> [Work to be completed]
Gather the lines below that include the string "ezdxf", copying each in full.

> [Material for this exercise]
___
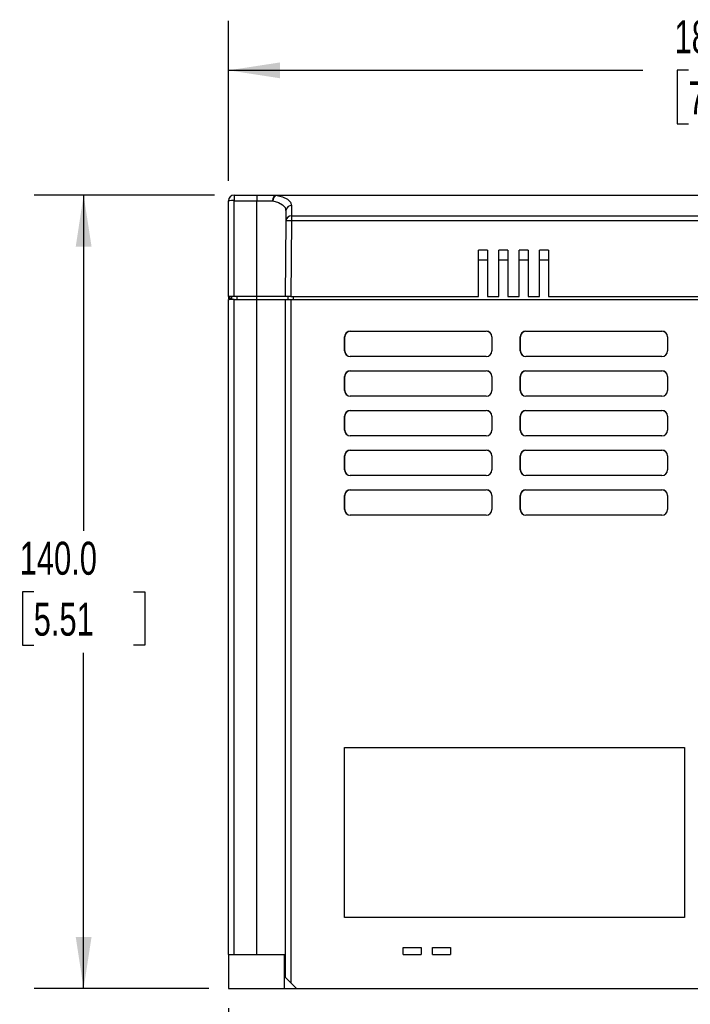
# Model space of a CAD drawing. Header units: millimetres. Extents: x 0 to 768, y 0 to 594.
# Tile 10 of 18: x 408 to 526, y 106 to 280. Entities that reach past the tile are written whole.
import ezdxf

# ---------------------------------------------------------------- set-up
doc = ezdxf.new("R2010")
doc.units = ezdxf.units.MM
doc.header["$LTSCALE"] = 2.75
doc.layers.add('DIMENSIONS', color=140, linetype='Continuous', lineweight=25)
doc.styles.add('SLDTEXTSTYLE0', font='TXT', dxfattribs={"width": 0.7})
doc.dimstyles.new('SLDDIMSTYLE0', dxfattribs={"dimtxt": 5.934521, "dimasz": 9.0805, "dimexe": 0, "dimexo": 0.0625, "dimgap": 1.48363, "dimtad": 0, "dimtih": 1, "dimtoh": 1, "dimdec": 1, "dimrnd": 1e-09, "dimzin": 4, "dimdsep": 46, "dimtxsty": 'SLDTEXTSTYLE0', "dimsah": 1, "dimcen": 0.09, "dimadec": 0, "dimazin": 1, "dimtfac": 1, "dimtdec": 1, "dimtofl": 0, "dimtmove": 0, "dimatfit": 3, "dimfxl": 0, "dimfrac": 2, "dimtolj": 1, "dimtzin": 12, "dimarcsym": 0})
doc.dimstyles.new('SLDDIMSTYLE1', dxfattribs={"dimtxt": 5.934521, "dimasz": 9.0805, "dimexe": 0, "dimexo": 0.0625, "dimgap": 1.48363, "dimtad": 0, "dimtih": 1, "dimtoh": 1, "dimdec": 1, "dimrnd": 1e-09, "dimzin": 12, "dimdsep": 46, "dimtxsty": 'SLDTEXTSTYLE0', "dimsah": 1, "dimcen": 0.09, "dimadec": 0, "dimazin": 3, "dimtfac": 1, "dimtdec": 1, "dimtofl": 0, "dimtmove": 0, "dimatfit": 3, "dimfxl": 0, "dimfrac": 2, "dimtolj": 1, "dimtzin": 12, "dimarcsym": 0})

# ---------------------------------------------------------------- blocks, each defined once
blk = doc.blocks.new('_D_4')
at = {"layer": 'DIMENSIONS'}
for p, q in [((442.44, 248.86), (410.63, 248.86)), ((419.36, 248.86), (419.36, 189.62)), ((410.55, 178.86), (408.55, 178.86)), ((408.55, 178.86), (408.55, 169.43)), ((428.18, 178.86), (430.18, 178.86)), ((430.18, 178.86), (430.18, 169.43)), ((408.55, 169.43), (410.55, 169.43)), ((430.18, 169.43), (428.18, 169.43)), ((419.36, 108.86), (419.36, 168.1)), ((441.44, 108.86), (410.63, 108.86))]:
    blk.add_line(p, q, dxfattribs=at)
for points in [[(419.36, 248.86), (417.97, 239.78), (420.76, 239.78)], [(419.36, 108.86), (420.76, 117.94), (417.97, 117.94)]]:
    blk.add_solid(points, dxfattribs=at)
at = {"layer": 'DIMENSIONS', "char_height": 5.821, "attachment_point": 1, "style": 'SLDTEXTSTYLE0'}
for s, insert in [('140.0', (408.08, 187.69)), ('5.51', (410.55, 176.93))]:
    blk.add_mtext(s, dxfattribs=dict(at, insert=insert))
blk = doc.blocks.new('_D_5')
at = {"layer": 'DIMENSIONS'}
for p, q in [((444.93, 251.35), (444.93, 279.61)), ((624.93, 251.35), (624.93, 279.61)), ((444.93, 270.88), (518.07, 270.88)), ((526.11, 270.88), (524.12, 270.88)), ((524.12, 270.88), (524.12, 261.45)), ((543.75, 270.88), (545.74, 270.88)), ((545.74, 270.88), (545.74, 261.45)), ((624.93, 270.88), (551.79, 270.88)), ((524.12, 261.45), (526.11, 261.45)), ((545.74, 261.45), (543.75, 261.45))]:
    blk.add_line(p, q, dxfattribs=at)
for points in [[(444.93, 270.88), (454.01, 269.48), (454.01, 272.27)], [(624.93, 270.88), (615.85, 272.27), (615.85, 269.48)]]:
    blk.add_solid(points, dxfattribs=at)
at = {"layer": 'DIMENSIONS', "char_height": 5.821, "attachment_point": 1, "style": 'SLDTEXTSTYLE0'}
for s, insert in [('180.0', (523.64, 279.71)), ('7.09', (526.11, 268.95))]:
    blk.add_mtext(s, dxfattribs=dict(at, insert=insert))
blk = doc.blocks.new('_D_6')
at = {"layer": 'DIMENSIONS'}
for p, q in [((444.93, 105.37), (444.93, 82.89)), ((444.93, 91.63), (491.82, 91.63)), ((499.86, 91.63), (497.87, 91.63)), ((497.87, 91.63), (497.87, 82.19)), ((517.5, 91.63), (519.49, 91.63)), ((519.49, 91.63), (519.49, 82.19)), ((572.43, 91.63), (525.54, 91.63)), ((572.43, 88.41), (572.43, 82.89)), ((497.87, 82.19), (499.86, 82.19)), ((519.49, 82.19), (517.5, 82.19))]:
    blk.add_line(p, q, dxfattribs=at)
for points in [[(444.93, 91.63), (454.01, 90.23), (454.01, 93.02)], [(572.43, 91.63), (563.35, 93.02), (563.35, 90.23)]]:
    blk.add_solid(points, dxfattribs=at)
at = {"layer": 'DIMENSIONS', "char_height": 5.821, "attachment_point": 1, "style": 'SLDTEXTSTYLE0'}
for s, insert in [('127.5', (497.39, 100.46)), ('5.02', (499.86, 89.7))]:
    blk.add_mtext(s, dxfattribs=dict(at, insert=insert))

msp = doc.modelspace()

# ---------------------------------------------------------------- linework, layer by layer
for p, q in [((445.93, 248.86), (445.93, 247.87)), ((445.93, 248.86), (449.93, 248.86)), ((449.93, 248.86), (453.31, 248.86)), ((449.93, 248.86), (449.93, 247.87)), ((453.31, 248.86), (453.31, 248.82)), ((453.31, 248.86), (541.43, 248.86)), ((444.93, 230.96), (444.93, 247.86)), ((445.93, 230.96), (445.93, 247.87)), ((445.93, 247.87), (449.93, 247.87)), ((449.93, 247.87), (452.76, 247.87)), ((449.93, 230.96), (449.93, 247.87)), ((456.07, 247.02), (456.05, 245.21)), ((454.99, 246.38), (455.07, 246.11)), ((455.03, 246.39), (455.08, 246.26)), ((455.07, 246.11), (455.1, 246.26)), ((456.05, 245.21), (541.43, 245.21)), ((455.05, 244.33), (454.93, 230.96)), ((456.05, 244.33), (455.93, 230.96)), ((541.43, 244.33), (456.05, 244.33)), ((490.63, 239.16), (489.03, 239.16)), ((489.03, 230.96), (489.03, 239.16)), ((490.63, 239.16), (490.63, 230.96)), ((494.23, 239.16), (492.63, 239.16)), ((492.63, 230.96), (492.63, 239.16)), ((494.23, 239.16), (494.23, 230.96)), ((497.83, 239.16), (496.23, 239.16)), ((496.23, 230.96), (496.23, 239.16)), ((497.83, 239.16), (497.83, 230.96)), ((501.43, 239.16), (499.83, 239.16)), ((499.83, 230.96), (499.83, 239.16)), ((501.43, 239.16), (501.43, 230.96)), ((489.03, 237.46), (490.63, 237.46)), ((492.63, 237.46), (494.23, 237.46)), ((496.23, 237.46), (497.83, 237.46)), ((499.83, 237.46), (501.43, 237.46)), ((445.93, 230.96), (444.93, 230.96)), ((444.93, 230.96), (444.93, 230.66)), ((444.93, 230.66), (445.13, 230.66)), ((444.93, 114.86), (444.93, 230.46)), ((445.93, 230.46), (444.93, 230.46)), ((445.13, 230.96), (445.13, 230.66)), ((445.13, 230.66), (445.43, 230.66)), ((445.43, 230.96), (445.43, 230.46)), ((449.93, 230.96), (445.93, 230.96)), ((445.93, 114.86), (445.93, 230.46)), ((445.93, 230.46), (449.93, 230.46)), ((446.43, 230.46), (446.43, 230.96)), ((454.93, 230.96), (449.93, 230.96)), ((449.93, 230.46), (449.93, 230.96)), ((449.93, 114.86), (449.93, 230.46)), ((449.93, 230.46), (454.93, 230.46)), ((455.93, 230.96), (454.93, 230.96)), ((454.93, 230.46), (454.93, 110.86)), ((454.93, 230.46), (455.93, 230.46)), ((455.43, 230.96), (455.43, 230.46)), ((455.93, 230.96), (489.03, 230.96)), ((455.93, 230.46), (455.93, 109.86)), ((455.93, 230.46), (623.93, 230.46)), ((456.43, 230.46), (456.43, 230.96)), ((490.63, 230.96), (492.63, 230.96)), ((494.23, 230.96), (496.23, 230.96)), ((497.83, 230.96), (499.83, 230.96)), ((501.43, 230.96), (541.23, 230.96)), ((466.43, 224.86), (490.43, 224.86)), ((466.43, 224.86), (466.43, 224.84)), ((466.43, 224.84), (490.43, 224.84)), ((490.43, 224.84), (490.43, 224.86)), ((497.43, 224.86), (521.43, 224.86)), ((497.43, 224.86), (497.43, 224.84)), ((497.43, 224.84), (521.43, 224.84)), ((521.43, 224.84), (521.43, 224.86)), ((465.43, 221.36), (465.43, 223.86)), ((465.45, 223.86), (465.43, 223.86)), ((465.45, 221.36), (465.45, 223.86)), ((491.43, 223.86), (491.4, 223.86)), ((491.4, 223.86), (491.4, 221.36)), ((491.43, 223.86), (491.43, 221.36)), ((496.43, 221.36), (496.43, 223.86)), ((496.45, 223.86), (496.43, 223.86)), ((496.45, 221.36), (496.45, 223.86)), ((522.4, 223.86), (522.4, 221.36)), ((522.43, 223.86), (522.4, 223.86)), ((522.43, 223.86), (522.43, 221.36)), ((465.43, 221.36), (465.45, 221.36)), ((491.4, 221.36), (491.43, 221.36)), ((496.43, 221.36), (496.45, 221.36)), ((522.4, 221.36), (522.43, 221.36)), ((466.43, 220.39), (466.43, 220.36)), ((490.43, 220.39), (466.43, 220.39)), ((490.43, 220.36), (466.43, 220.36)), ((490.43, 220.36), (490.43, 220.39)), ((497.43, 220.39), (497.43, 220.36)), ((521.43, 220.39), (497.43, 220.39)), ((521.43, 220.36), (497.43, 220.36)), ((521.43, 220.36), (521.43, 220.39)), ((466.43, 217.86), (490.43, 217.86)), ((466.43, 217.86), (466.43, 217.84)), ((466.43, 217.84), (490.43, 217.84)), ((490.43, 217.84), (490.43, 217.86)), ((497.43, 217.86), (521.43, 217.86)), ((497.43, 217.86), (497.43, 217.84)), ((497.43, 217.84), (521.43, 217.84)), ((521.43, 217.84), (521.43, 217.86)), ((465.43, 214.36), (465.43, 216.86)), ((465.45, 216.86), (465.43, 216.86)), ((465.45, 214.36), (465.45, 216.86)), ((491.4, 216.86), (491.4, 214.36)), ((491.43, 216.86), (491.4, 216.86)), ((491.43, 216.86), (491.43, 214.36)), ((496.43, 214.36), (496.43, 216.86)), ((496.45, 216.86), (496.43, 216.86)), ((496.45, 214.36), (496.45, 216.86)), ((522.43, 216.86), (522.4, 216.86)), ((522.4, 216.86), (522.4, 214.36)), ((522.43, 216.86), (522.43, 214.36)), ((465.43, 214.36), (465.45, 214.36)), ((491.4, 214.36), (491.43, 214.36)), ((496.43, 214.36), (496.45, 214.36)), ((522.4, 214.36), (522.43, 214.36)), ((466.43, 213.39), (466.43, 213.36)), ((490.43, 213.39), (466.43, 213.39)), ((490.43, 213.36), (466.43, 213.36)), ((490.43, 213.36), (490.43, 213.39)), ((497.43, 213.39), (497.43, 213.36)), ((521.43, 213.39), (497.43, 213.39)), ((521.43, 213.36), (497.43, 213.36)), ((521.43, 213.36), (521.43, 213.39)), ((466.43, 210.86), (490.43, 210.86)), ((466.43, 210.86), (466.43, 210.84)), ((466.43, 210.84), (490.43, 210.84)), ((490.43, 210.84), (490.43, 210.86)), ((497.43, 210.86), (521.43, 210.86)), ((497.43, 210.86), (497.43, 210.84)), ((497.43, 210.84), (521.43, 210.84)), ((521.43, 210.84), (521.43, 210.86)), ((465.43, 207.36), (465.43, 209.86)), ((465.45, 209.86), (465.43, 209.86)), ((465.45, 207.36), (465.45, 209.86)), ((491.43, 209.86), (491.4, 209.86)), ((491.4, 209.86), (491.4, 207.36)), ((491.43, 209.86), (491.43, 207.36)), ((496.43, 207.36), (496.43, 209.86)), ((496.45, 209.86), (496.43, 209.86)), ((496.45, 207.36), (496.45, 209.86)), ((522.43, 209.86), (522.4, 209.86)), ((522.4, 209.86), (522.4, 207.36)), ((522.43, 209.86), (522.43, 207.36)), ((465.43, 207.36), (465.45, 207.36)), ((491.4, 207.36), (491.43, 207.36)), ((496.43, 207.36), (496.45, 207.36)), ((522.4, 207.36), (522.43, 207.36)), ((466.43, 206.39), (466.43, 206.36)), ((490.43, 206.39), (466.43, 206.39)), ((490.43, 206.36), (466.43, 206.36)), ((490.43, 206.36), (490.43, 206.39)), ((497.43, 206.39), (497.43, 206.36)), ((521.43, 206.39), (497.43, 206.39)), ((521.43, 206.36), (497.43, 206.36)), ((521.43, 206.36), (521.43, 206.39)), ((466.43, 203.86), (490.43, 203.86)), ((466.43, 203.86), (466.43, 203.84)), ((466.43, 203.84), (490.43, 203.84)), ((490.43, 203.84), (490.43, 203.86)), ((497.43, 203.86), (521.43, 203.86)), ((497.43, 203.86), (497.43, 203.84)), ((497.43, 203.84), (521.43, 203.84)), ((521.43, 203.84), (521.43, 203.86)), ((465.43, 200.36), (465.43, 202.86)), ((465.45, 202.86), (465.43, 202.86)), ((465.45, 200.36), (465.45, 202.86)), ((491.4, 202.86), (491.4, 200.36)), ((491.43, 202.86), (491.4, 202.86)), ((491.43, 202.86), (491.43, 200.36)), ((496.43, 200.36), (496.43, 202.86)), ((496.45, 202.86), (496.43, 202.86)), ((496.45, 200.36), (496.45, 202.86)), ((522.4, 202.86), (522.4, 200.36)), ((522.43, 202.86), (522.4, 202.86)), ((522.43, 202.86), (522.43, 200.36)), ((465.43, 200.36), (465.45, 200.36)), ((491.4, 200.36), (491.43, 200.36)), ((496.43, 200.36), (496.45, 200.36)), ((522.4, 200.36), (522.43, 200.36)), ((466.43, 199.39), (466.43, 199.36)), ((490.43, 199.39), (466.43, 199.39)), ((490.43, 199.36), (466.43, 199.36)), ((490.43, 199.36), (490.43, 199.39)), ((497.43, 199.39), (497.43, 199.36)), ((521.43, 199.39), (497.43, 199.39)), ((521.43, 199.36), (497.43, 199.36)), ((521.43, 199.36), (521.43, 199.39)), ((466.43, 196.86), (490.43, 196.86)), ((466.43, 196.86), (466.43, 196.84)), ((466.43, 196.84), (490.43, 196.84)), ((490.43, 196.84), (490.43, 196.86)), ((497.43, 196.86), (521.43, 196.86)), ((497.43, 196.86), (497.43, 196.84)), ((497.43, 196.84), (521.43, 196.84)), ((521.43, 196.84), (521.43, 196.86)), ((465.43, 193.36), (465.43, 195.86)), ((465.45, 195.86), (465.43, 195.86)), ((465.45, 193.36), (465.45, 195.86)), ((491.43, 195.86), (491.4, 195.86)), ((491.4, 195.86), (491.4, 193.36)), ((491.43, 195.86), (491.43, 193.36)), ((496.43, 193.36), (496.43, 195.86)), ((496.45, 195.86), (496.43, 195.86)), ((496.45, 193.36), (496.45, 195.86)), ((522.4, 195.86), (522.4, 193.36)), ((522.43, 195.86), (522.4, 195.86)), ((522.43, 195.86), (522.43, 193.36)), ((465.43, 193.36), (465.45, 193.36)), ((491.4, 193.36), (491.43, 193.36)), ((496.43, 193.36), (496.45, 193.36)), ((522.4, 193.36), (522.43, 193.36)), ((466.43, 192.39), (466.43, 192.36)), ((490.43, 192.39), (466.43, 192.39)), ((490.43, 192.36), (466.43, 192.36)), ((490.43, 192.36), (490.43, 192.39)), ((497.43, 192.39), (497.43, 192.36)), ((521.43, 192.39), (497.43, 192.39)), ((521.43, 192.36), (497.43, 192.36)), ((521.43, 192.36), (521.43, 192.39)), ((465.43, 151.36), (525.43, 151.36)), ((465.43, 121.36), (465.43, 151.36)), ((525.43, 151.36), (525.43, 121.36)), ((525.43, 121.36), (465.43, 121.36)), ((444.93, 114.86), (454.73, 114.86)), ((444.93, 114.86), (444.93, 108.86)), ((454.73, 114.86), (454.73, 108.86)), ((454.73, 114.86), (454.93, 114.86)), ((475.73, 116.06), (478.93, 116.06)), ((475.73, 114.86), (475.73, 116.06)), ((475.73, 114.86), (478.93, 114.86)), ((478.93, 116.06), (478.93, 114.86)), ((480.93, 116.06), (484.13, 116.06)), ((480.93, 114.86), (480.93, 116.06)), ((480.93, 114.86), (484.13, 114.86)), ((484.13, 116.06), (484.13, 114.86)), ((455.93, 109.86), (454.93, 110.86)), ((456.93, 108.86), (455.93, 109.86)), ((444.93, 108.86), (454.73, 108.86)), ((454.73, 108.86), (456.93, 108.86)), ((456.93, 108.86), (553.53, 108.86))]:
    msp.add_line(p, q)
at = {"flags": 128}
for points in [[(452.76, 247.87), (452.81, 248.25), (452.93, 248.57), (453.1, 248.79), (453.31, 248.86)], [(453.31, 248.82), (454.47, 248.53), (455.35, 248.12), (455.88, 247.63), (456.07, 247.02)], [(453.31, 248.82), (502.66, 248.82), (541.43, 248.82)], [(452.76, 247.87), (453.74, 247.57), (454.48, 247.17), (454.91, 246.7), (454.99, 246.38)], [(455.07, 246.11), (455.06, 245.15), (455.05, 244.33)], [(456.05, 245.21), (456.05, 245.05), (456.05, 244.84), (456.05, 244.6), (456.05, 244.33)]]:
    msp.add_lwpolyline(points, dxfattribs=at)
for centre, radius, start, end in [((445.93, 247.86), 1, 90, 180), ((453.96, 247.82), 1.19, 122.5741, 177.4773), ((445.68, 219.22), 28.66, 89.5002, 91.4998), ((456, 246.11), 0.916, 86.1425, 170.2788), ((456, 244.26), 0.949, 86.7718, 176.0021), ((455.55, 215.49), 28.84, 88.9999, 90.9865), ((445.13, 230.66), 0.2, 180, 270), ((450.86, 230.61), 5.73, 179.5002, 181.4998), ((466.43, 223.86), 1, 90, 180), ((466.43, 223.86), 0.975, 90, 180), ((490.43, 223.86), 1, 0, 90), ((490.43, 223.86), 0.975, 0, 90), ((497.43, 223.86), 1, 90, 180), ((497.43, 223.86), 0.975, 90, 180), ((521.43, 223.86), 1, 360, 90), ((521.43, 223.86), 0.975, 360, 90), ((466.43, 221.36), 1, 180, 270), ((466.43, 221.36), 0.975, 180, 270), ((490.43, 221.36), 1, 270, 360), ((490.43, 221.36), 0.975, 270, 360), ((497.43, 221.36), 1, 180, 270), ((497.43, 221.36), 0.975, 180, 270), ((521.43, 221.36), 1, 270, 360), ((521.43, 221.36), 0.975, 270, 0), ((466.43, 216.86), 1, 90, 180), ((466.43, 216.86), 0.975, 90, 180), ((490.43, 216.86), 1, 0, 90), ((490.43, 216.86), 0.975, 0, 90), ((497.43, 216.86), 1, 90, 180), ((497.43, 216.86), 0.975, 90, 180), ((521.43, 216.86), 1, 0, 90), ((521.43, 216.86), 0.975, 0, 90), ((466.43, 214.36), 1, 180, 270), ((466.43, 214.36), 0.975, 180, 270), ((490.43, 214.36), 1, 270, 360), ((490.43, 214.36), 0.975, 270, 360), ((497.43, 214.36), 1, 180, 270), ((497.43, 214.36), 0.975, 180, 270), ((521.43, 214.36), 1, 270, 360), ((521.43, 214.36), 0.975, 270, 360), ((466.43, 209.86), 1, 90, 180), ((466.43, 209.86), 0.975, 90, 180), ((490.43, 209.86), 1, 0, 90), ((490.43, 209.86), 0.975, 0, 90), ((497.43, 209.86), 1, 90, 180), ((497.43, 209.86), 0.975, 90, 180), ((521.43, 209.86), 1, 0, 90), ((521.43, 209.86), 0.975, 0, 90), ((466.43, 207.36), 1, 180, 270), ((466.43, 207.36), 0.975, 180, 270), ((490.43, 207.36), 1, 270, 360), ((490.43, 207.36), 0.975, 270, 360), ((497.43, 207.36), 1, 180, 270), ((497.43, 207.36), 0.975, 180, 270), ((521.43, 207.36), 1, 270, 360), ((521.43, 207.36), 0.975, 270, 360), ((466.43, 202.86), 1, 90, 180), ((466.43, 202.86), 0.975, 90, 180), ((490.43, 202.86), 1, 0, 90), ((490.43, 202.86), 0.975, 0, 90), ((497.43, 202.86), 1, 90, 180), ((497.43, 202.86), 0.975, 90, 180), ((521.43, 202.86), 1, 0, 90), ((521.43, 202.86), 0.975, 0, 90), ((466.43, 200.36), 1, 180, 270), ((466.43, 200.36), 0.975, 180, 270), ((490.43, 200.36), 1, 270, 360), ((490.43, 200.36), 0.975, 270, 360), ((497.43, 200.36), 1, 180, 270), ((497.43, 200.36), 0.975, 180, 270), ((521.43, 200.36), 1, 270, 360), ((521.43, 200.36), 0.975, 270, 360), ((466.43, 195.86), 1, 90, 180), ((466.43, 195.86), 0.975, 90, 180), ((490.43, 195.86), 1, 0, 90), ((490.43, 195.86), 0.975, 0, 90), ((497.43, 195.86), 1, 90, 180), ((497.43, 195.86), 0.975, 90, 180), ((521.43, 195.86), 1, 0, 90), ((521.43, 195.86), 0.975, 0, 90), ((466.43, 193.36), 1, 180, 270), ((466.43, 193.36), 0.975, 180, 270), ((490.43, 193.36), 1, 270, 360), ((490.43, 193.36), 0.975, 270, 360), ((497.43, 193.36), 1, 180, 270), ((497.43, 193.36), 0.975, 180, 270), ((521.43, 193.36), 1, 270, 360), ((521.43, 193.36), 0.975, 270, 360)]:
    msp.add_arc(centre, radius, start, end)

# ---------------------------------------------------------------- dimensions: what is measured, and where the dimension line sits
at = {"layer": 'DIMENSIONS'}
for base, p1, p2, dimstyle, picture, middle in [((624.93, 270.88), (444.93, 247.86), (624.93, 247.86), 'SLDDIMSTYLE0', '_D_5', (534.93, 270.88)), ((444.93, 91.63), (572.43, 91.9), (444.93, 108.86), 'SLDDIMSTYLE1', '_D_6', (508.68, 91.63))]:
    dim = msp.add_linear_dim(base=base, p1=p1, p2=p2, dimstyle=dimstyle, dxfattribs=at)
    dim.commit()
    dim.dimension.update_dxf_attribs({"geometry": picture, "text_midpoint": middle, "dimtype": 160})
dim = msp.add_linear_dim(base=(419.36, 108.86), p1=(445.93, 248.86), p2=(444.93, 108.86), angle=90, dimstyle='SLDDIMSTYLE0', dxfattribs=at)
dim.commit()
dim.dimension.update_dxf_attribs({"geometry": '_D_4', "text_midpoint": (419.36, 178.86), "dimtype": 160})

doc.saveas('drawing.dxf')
___
> [Exercise response]
import ezdxf
doc = ezdxf.new("R2010")
doc.units = ezdxf.units.MM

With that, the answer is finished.